### Task statement
The answer must be every line of the records below that contains the word "pixels".

### Excerpted data
◇ ◇ ◇ ◇
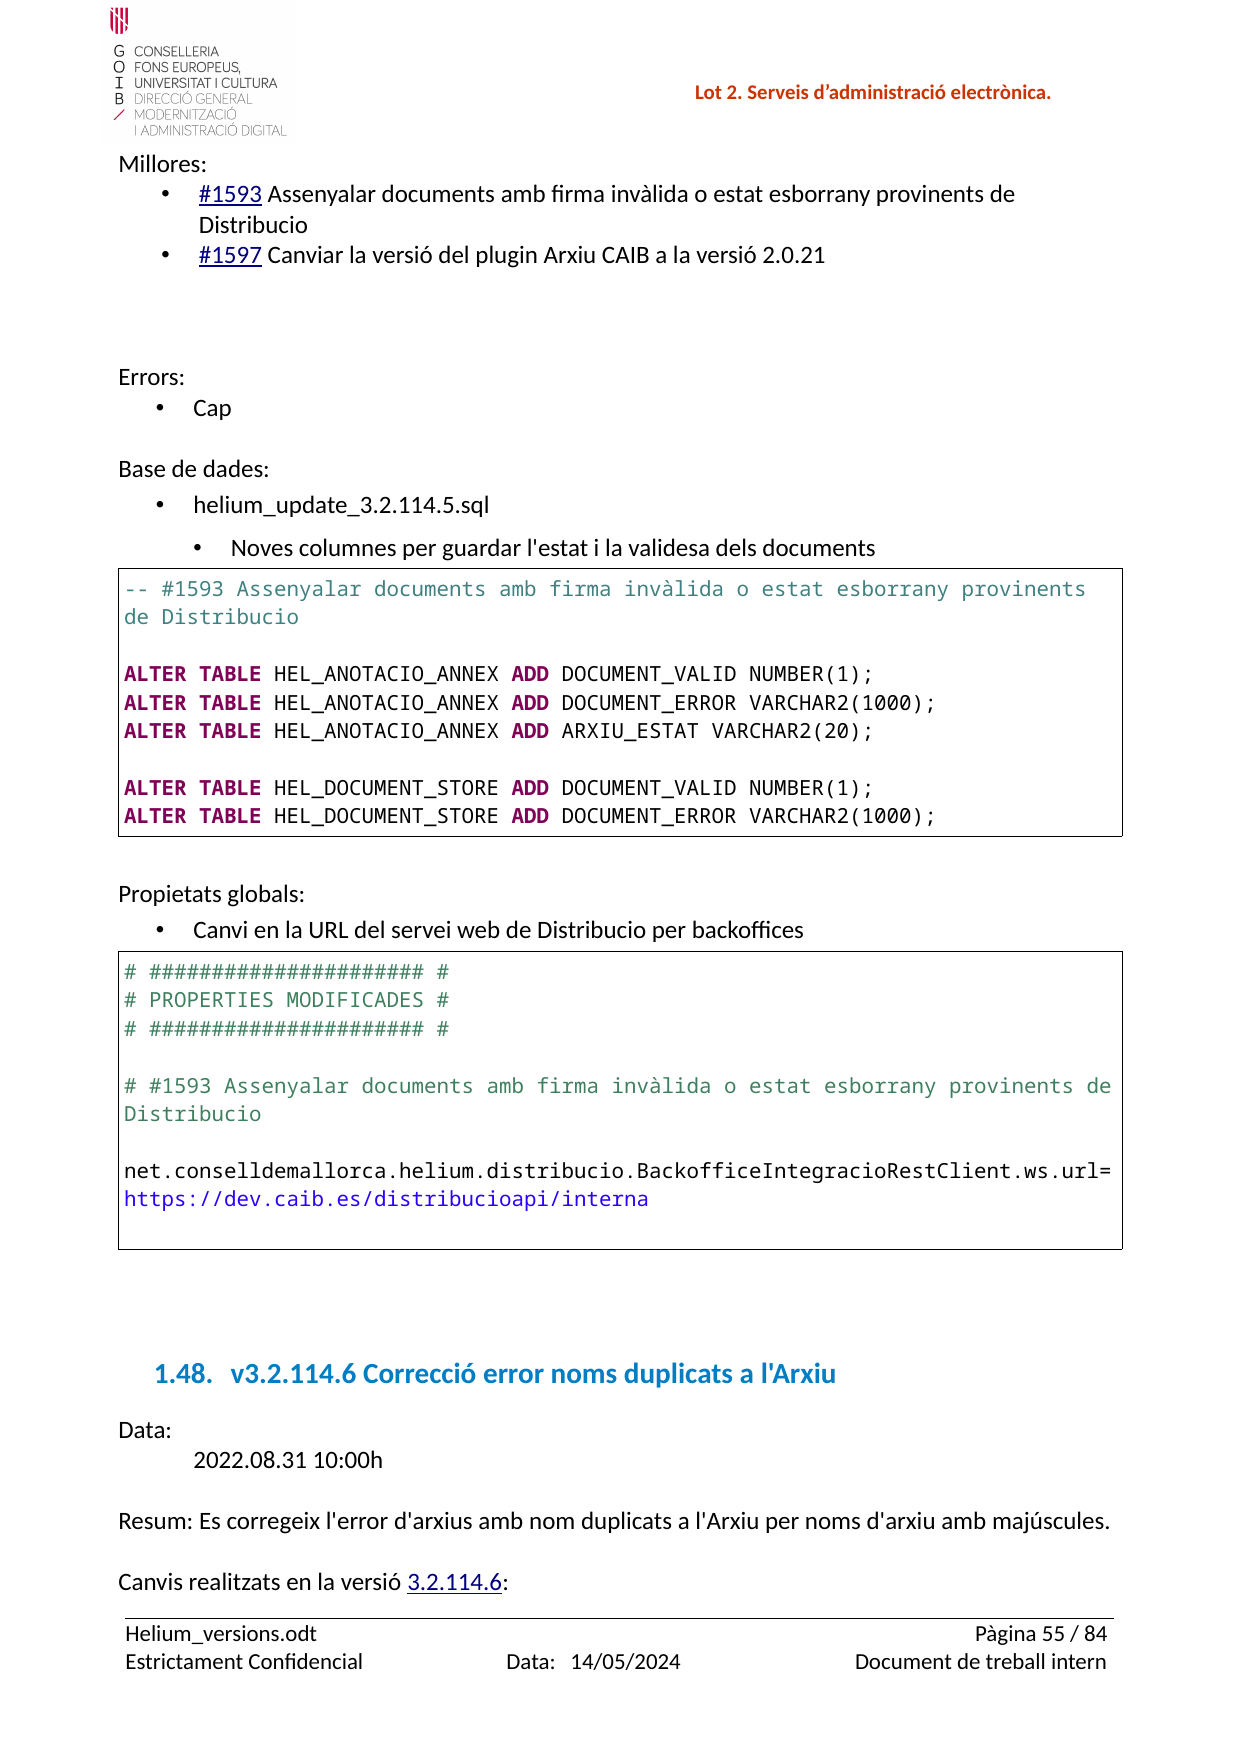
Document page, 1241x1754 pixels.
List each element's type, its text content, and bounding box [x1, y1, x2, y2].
◇ ◇ ◇ ◇
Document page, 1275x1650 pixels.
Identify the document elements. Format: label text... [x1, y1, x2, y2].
◇ ◇ ◇ ◇
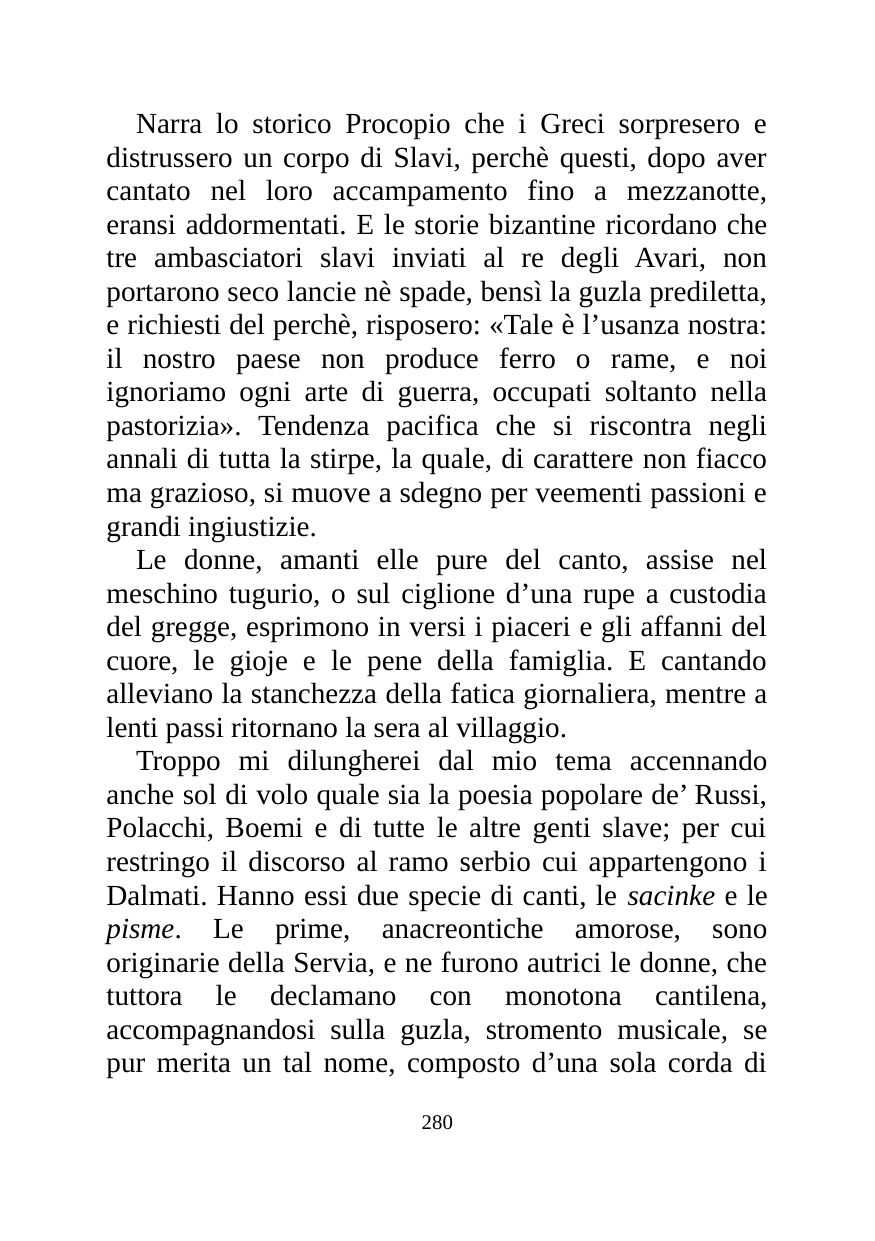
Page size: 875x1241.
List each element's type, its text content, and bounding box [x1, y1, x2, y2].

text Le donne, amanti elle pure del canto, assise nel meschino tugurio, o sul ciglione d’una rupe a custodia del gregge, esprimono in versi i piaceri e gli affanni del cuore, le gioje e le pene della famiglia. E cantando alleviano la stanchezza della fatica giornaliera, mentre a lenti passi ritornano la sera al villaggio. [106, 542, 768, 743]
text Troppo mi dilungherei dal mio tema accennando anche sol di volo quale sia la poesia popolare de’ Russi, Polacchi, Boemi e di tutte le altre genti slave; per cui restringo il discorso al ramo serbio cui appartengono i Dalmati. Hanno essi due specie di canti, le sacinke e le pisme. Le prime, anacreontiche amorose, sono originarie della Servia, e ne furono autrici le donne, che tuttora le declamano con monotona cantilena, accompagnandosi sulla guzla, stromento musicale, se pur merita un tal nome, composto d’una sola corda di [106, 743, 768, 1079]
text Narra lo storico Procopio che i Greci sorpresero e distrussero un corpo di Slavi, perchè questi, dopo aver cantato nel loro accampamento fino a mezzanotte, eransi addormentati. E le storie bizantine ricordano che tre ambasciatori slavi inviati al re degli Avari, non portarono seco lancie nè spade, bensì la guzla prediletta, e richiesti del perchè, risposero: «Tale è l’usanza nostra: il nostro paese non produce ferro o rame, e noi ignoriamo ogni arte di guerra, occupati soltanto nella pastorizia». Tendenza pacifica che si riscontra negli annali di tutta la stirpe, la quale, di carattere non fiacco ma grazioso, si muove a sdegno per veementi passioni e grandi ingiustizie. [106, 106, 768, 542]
◇ ◇ ◇ ◇
### Exercise answer
Document page, 1241x1754 pixels.
Document page, 1275x1650 pixels.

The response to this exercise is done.